§ WHAT THE TASK REQUIRES: Your answer must be the exact lines below, starting with the line with "00:00:00.500" and going on through the line with "[00:00:00.000-00:00:12.000]", both included, with no pictures.
== EXTRACTED DATA ==
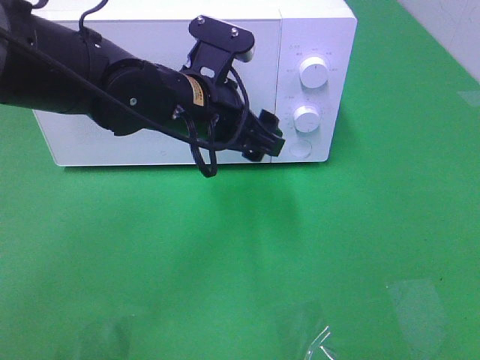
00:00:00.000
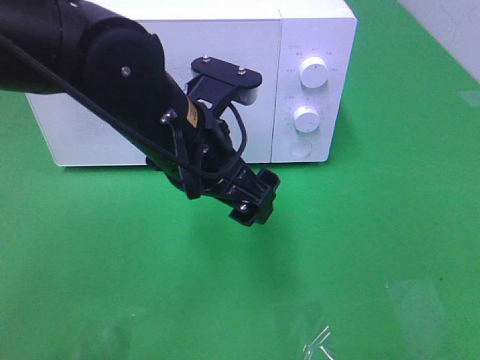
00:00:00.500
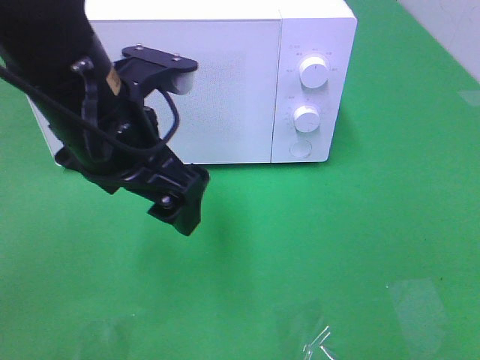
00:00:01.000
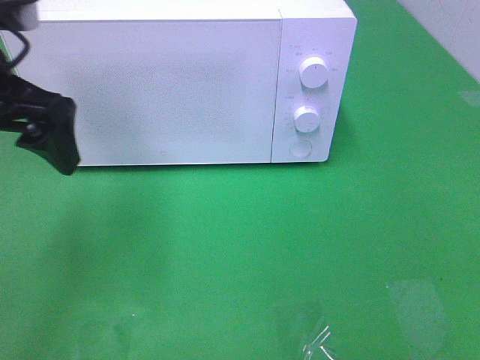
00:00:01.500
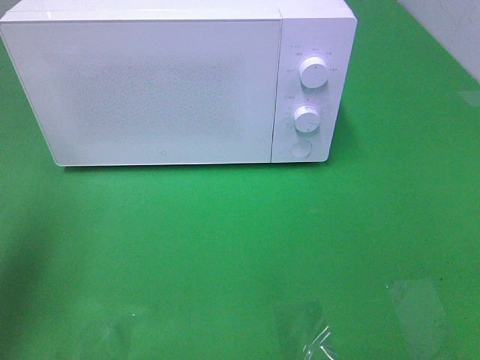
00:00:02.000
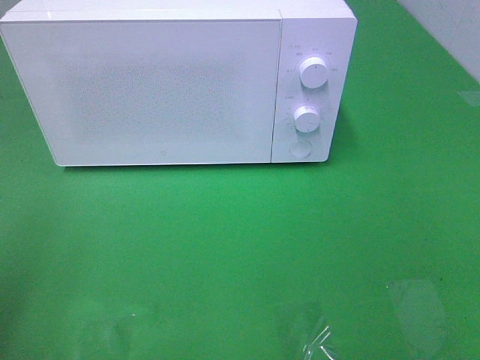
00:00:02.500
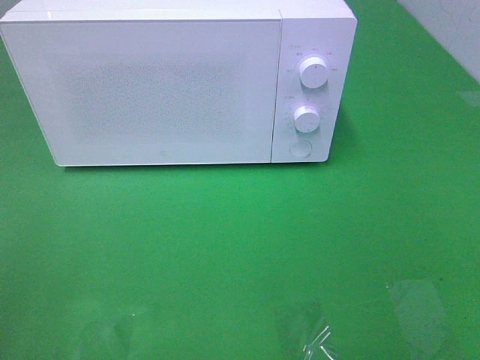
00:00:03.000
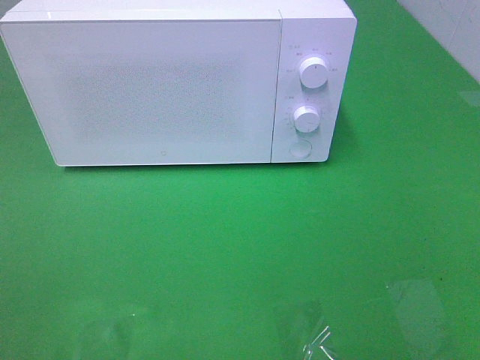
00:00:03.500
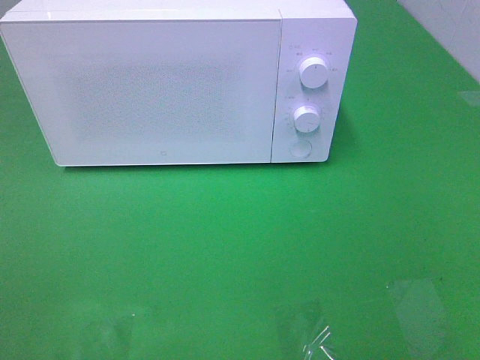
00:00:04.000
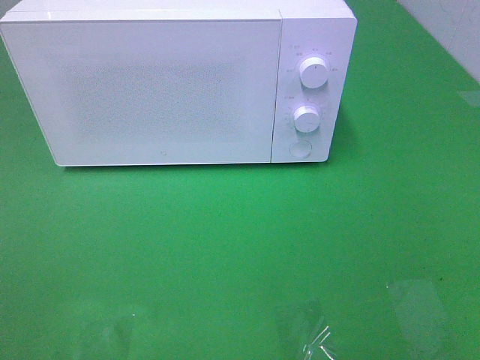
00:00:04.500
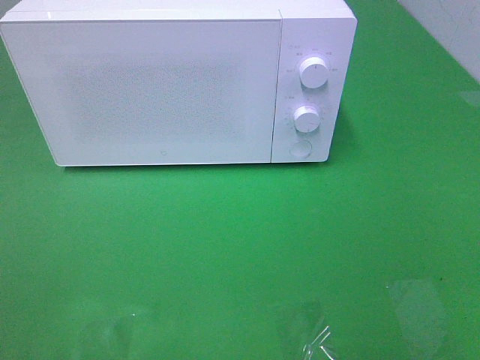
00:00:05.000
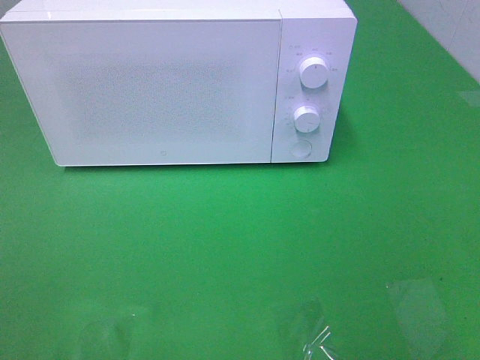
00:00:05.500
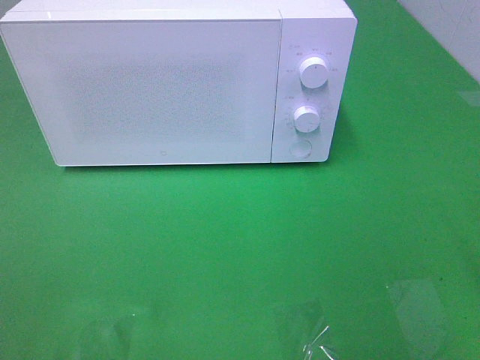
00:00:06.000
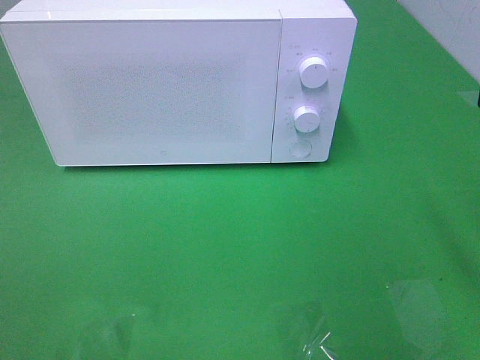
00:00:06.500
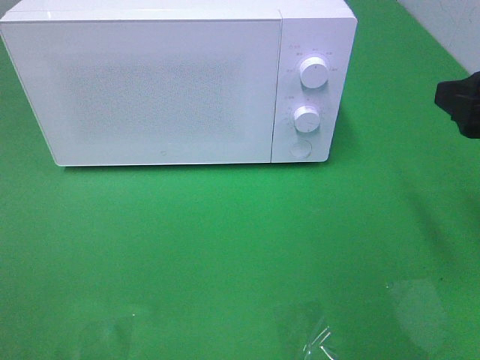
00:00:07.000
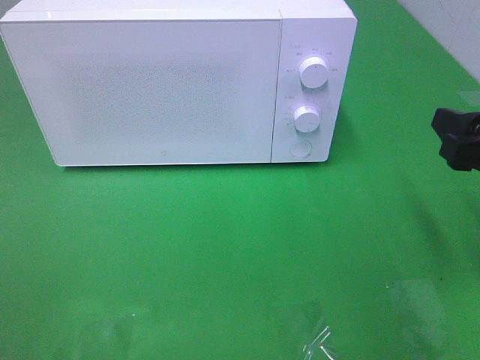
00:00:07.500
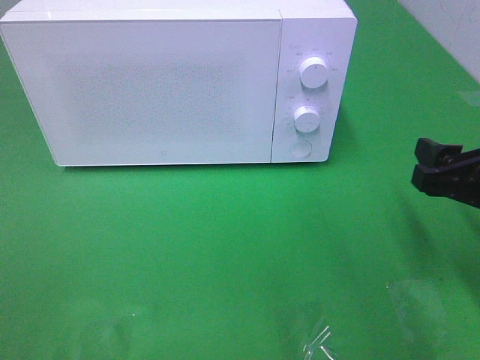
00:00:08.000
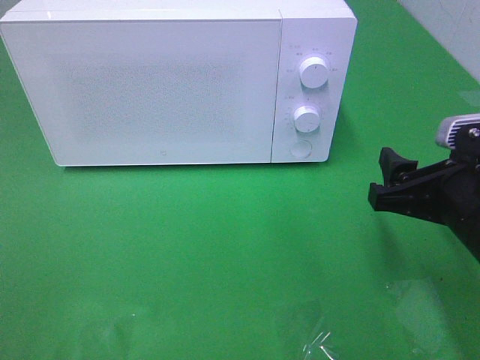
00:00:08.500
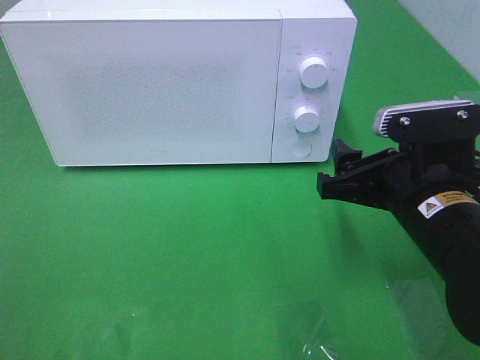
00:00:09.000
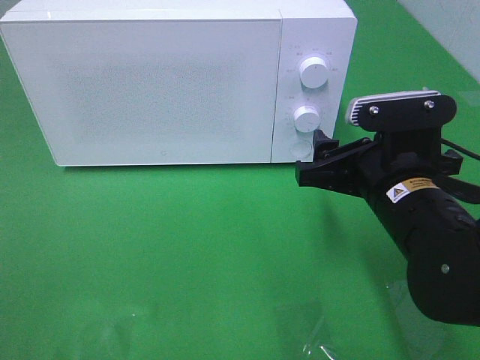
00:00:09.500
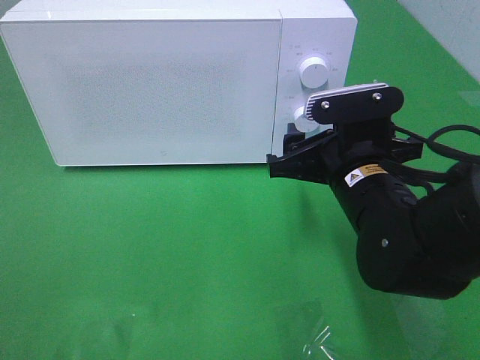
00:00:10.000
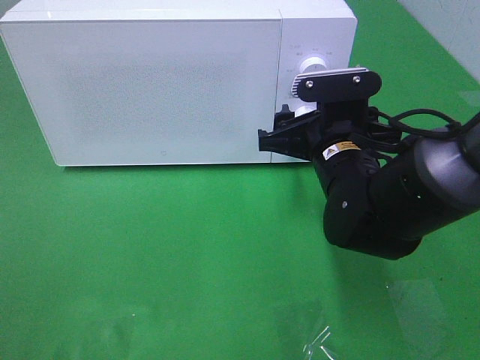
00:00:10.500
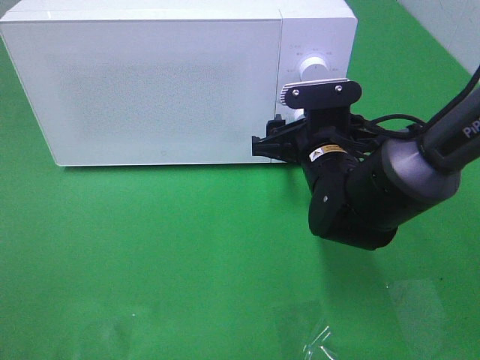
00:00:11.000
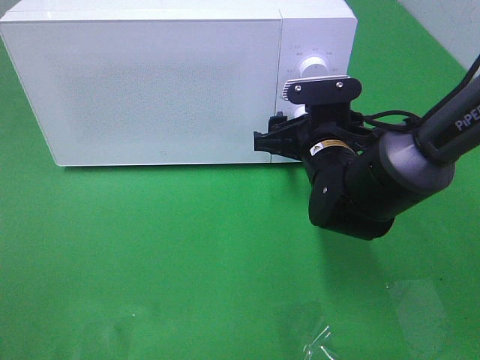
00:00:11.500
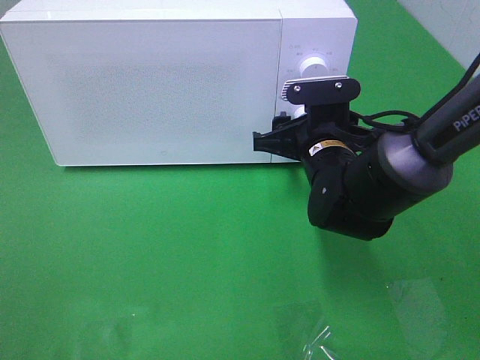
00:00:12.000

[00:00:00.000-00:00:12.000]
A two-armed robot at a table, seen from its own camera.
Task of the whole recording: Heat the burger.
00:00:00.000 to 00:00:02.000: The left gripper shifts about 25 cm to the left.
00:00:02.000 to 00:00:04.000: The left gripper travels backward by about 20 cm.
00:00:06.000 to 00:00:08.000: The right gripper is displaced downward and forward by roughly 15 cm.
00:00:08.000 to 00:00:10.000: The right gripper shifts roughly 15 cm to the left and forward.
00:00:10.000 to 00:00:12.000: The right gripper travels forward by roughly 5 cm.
===
== EXTRACTED DATA ==
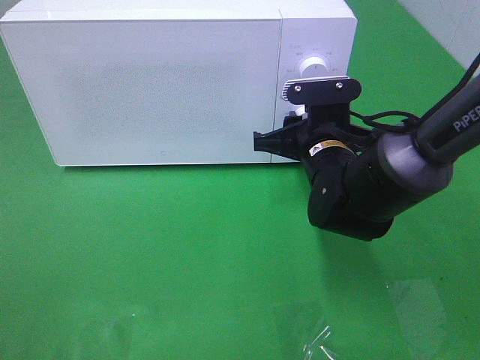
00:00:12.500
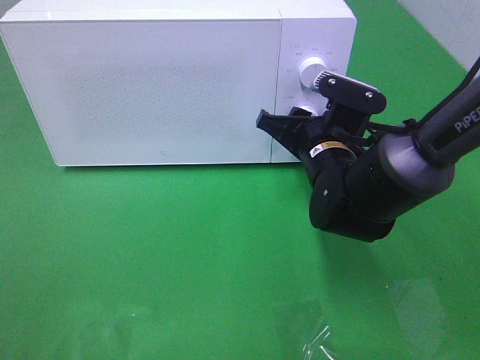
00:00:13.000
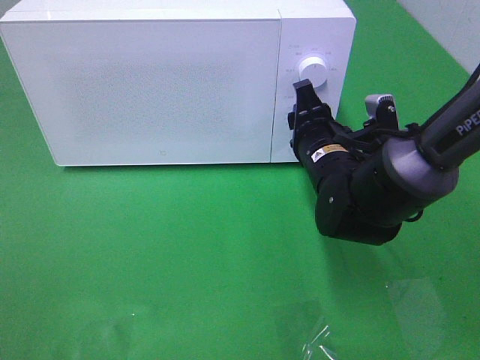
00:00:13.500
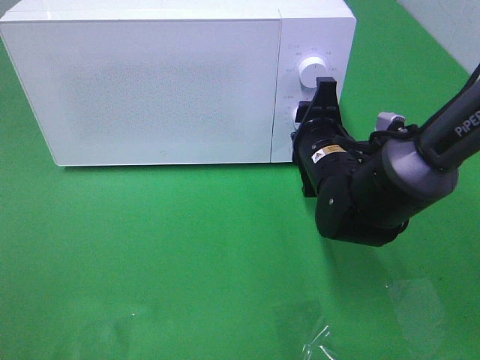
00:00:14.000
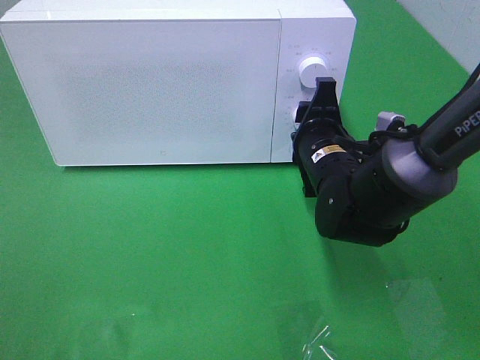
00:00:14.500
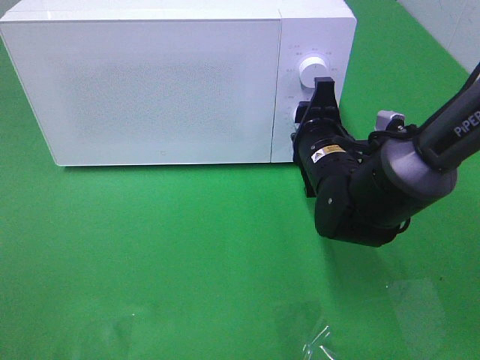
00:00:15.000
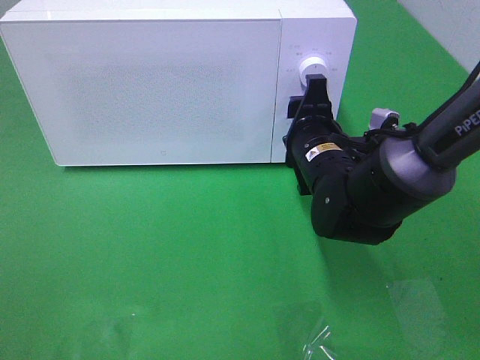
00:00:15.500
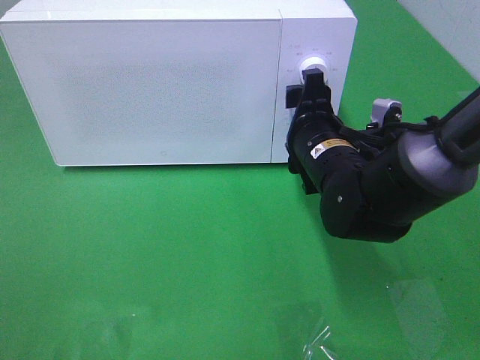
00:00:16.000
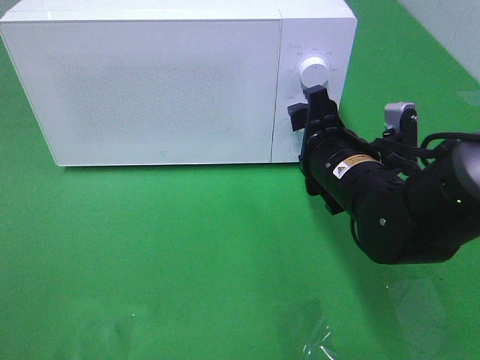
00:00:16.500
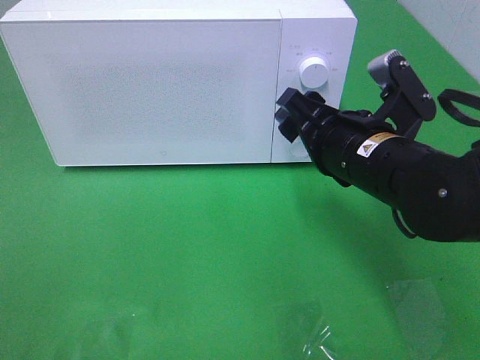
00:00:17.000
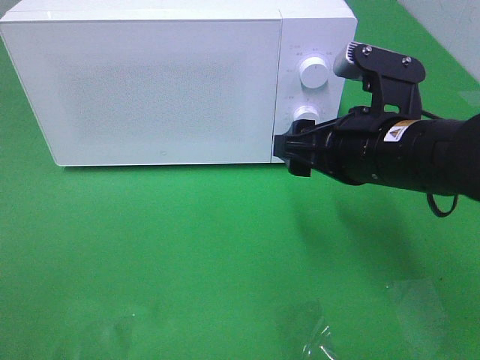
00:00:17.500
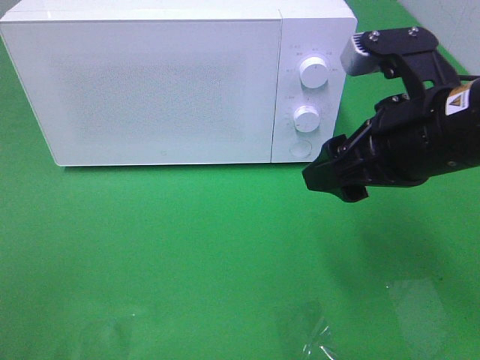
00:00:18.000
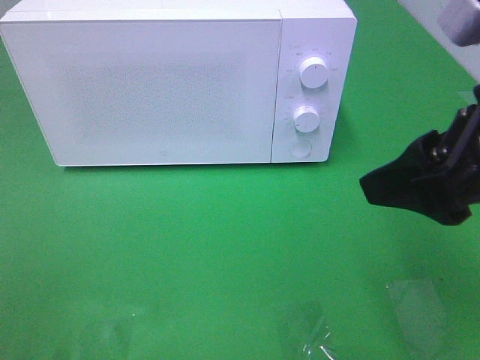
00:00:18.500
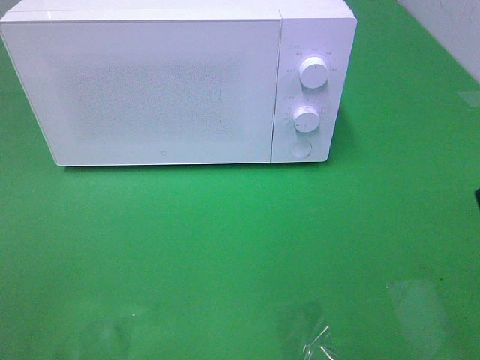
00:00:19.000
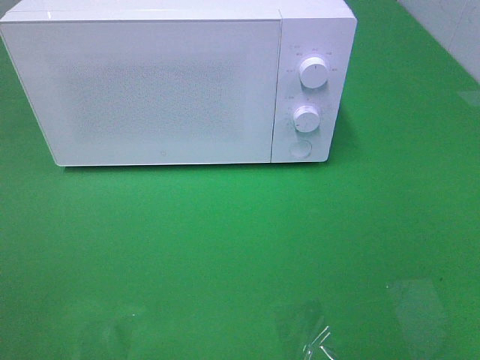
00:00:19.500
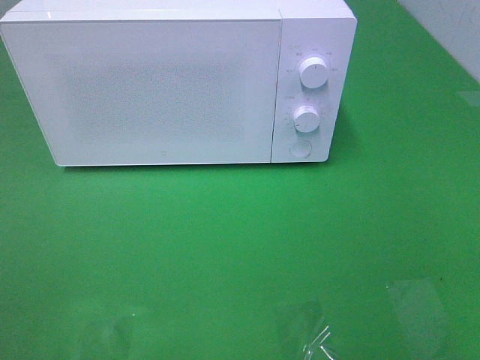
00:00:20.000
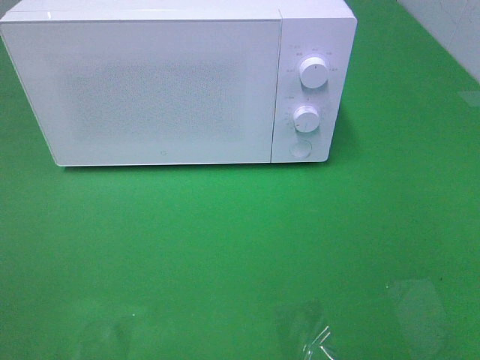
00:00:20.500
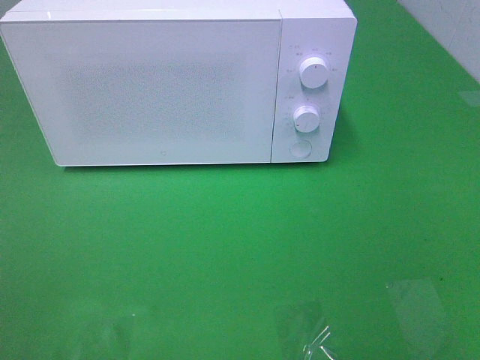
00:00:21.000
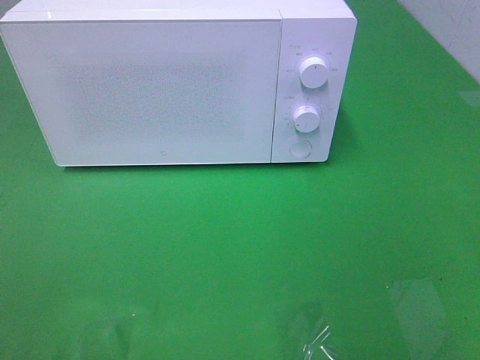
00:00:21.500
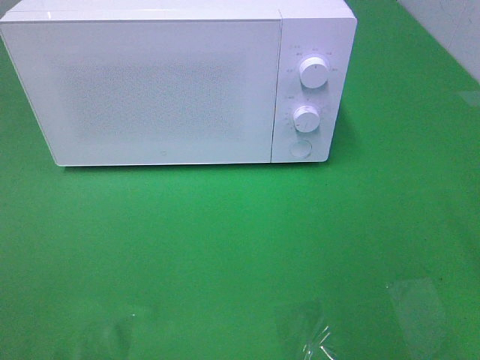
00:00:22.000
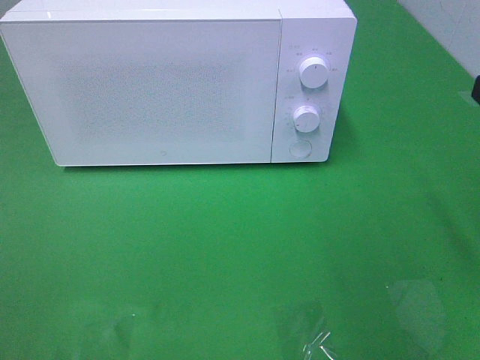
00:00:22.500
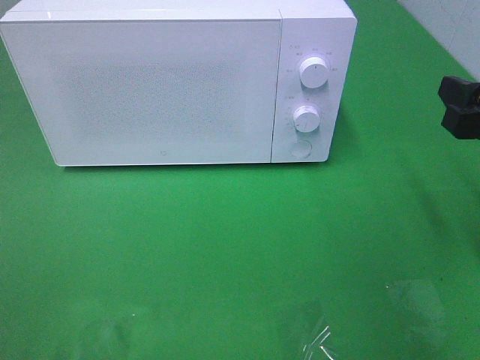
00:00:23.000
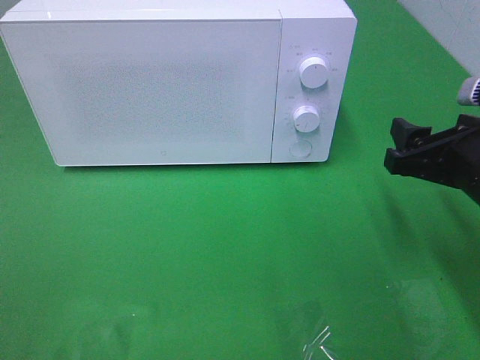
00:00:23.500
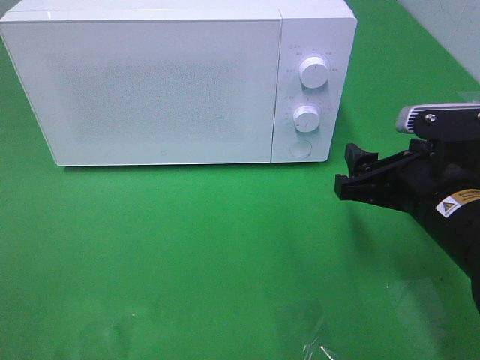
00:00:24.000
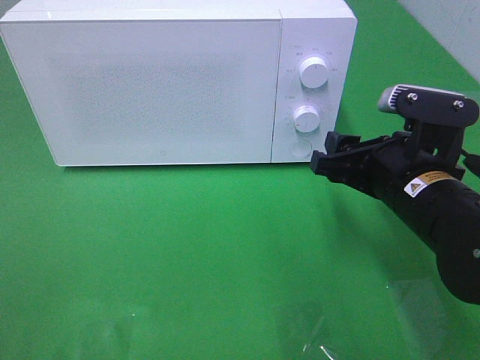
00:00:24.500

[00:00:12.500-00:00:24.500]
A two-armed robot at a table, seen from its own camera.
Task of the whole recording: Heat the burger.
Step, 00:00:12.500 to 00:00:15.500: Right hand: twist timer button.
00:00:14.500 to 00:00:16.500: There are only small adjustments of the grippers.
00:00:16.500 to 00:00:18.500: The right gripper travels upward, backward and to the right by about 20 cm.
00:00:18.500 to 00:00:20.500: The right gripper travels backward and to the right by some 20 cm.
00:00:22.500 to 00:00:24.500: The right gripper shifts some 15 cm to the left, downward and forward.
===
§ EXERCISE OUTPUT:
00:00:00.500
00:00:01.000
00:00:01.500
00:00:02.000
00:00:02.500
00:00:03.000
00:00:03.500
00:00:04.000
00:00:04.500
00:00:05.000
00:00:05.500
00:00:06.000
00:00:06.500
00:00:07.000
00:00:07.500
00:00:08.000
00:00:08.500
00:00:09.000
00:00:09.500
00:00:10.000
00:00:10.500
00:00:11.000
00:00:11.500
00:00:12.000

[00:00:00.000-00:00:12.000]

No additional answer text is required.